稀疏型内存模型中section_mem_map的初始化

在 linux 中,稀疏型内存模型意味着物理地址空间由若干个地址段组成,段与段之间允许存在空洞,适用于地址段比较稀疏的情况,并用于支持内存热插拔。
稀疏型内存模型将整个物理地址空间划分成多个区段(section)。一个区段用一个 struct mem_section 结构体来描述,其中最重要的字段是 section_mem_map,它编码了 NUMA 节点号、页描述符数组的地址以及一些标志位。
struct mem_section 数组声明:

/*
 * Permanent SPARSEMEM data:
 *
 * 1) mem_section   - memory sections, mem_map's for valid memory
 */
#ifdef CONFIG_SPARSEMEM_EXTREME
struct mem_section **mem_section;
#else
struct mem_section mem_section[NR_SECTION_ROOTS][SECTIONS_PER_ROOT]
    ____cacheline_internodealigned_in_smp;
#endif
EXPORT_SYMBOL(mem_section);

struct mem_section 结构体内容:

struct mem_section {
    /*
     * This is, logically, a pointer to an array of struct
     * pages.  However, it is stored with some other magic.
     * (see sparse.c::sparse_init_one_section())
     *
     * Additionally during early boot we encode node id of
     * the location of the section here to guide allocation.
     * (see sparse.c::memory_present())
     *
     * Making it a UL at least makes someone do a cast
     * before using it wrong.
     */
    unsigned long section_mem_map;
   
    /* See declaration of similar field in struct zone */
    unsigned long *pageblock_flags;
#ifdef CONFIG_PAGE_EXTENSION
    /*
     * If SPARSEMEM, pgdat doesn't have page_ext pointer.
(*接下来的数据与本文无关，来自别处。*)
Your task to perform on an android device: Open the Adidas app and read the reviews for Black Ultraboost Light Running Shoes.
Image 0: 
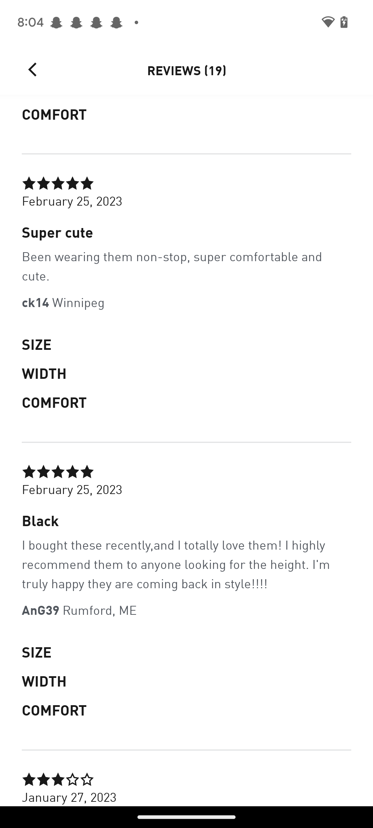
Open the Adidas app
Step 0: open app "adidas"
Image 1: 
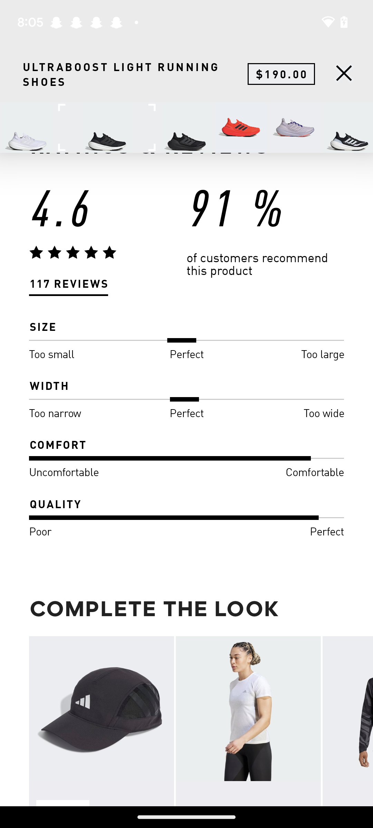
Click on the 117 reviews
Step 1: click (68, 284)
Image 2: 
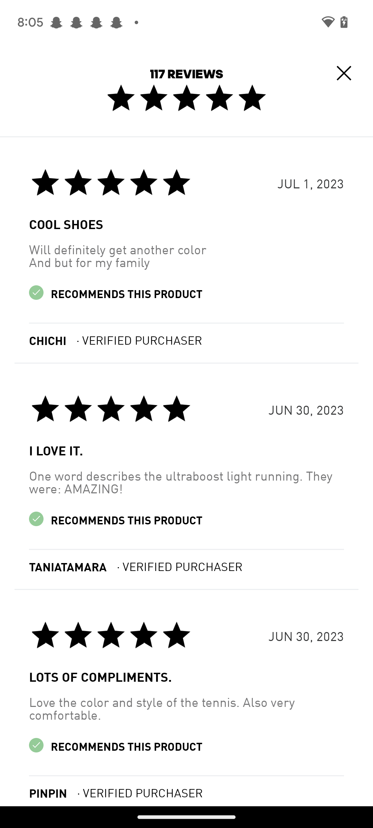
Swipe up to view more reviews
Step 2: scroll down
Image 3: 
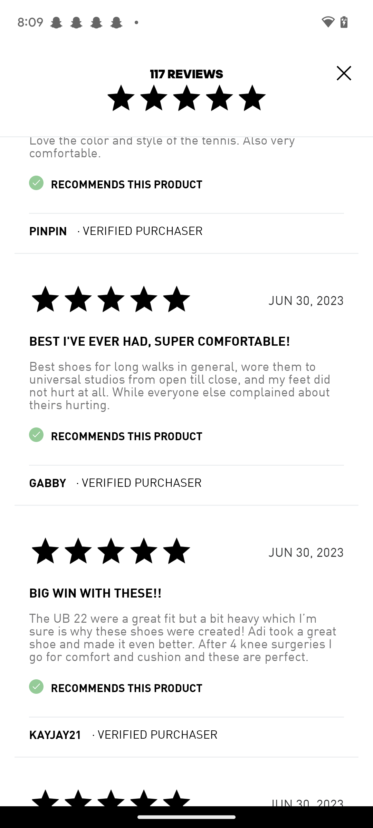
Swipe up to view more reviews
Step 3: scroll down
Image 4: 
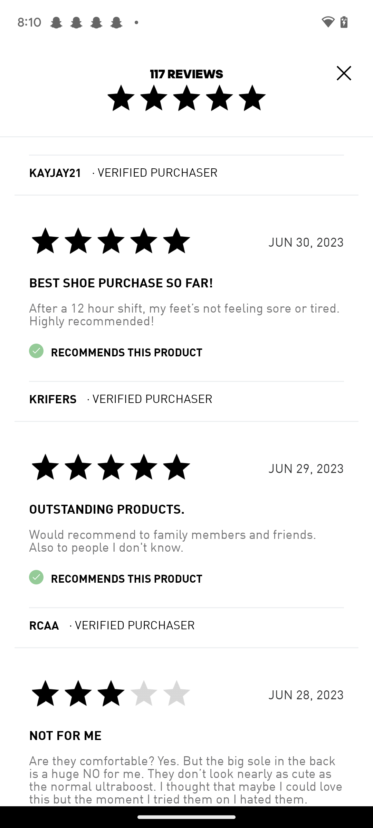
Swipe up to view more reviews
Step 4: scroll down
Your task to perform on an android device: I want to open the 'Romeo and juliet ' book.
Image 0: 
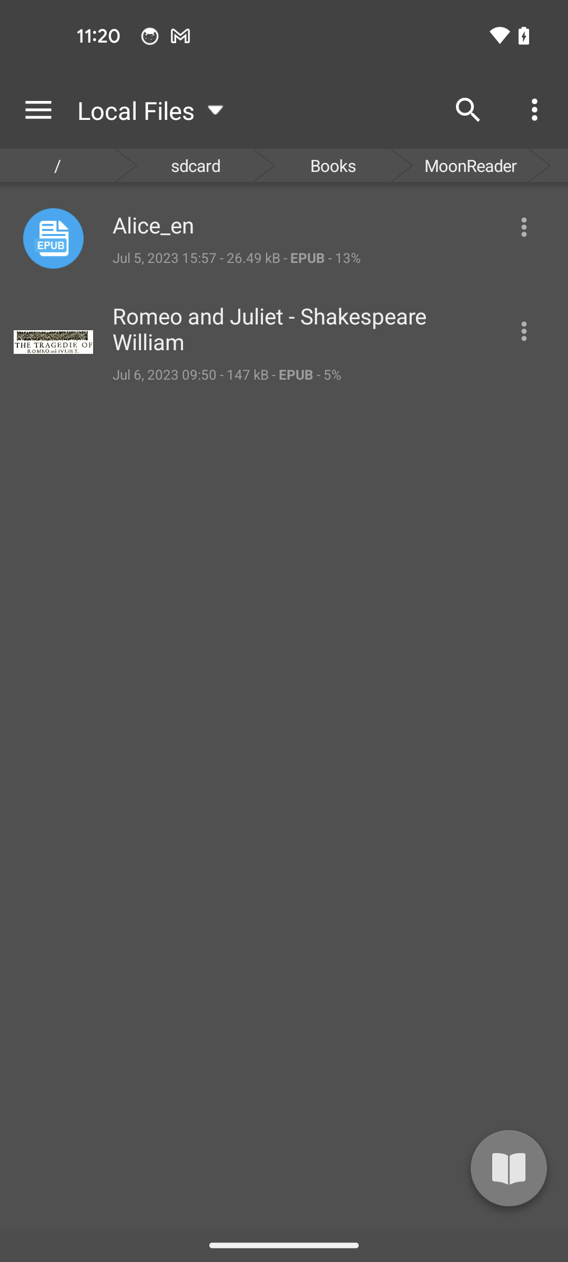
Tap on the three dots icon of romeo and juliet file
Step 0: click (526, 331)
Image 1: 
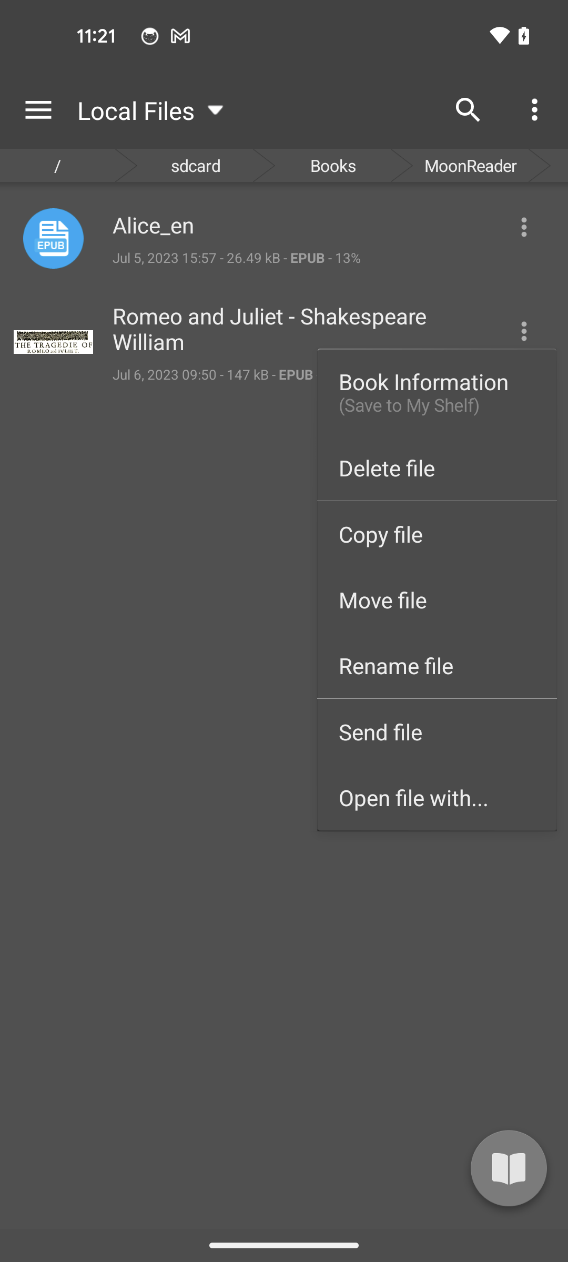
Tap on the open file with... option
Step 1: click (437, 797)
Image 2: 
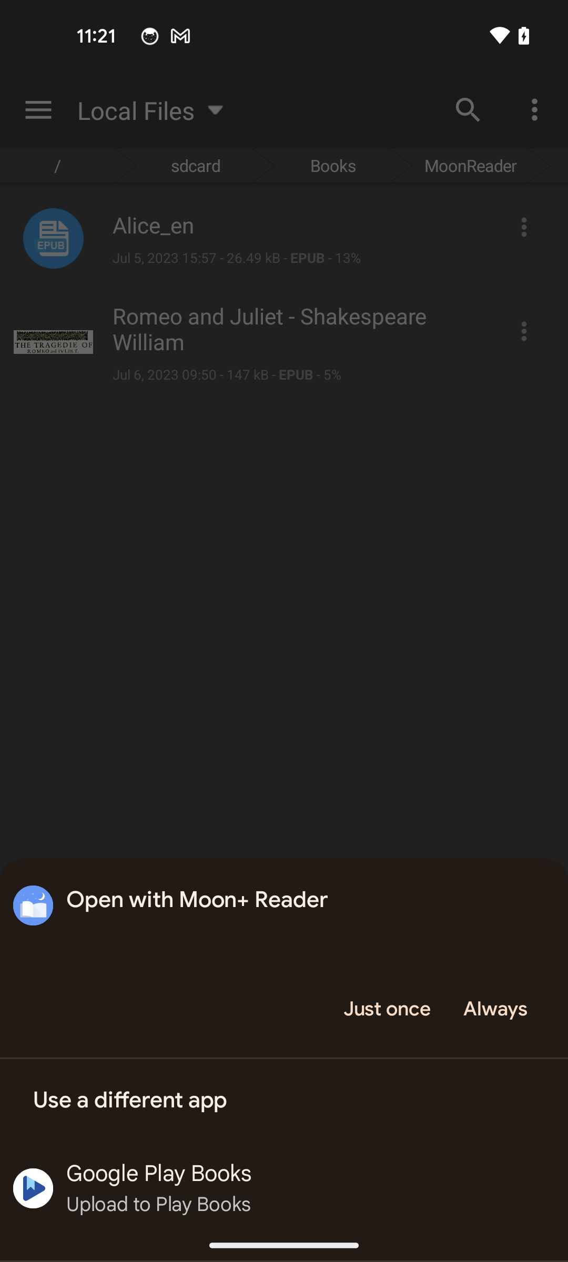
Tap on the just once option
Step 2: click (386, 1009)

We use
     * section. (see page_ext.h about this.)
     */
    struct page_ext *page_ext;
    unsigned long pad;
#endif
    /*
     * WARNING: mem_section must be a power-of-2 in size for the
     * calculation and use of SECTION_ROOT_MASK to make sense.
     */
};

下面节选的部分代码(内核版本为 4.19)用来初始化 struct mem_section 数组中属于某个 node 的所有有效 section,其中 sparse_buffer_init() 用于分配 struct page 数组空间,pnum 为 struct mem_section 数组打平成一维数组的下标,它对应某个 section,同时也对应某个 struct page 子数组,sparse_mem_map_populate() 用于得到 pnum 对应的 struct page 子数组的首地址,sparse_init_one_section() 用于设置 pnum 对应的 mem_section 结构体中 section_mem_map 的值。

/*       
 * Initialize sparse on a specific node. The node spans [pnum_begin, pnum_end)
 * And number of present sections in this node is map_count.
 */      
static void __init sparse_init_nid(int nid, unsigned long pnum_begin,
                   unsigned long pnum_end,
                   unsigned long map_count)
{        
    unsigned long pnum, usemap_longs, *usemap;
    struct page *map;
         
   ...   
    sparse_buffer_init(map_count * section_map_size(), nid);
    for_each_present_section_nr(pnum_begin, pnum) {
        if (pnum >= pnum_end)
            break;
         
        map = sparse_mem_map_populate(pnum, nid, NULL);
      ...
        sparse_init_one_section(__nr_to_section(pnum), pnum, map, usemap);
      ...
    }    
    sparse_buffer_fini();
    return;
   ...
} 

如果某个 node 的所有 section 都有效,那么它每个 section 中的 section_mem_map 值应该都相等,因为在 sparse_buffer_init() 函数中已经预先申请了该 node 所包含的 struct page 数组空间,同时,在处理每个 section 时依次得到 pnum 对应的 struct page 子数组的首地址,并将其简单处理后设置到 section_mem_map 字段中,其中,处理的方式保证了这一点:section_mem_map = (map - section_nr_to_pfn(pnum)) —— 由于 map 和 pnum 是一一对应的,这使得每对 map、pnum,上述差值都相等。
但在实践中发现往往最后一个 section 的 section_mem_map 发生了变化,经过调试发现,sparse_buffer_init() 函数在申请内存时是以页为大小对齐的,而在 sparse_mem_map_populate() 中分配内存时是以 sizeof(struct page) * PAGES_PER_SECTION 为大小对齐的(PAGES_PER_SECTION 是一个 section 所包含的 page 数量),一般而言,后者大于前者,这会导致在处理最后一个 section 时,预申请的 struct page 数组空间不够用,使得最后一个 section 需要单独申请,这就浪费了部分因对齐而无法使用的空间。
看了一下最新的内核代码,这个问题在 09dbcf422e9b791d2d43cad8c283d9bdaef019a9 提交中修复了。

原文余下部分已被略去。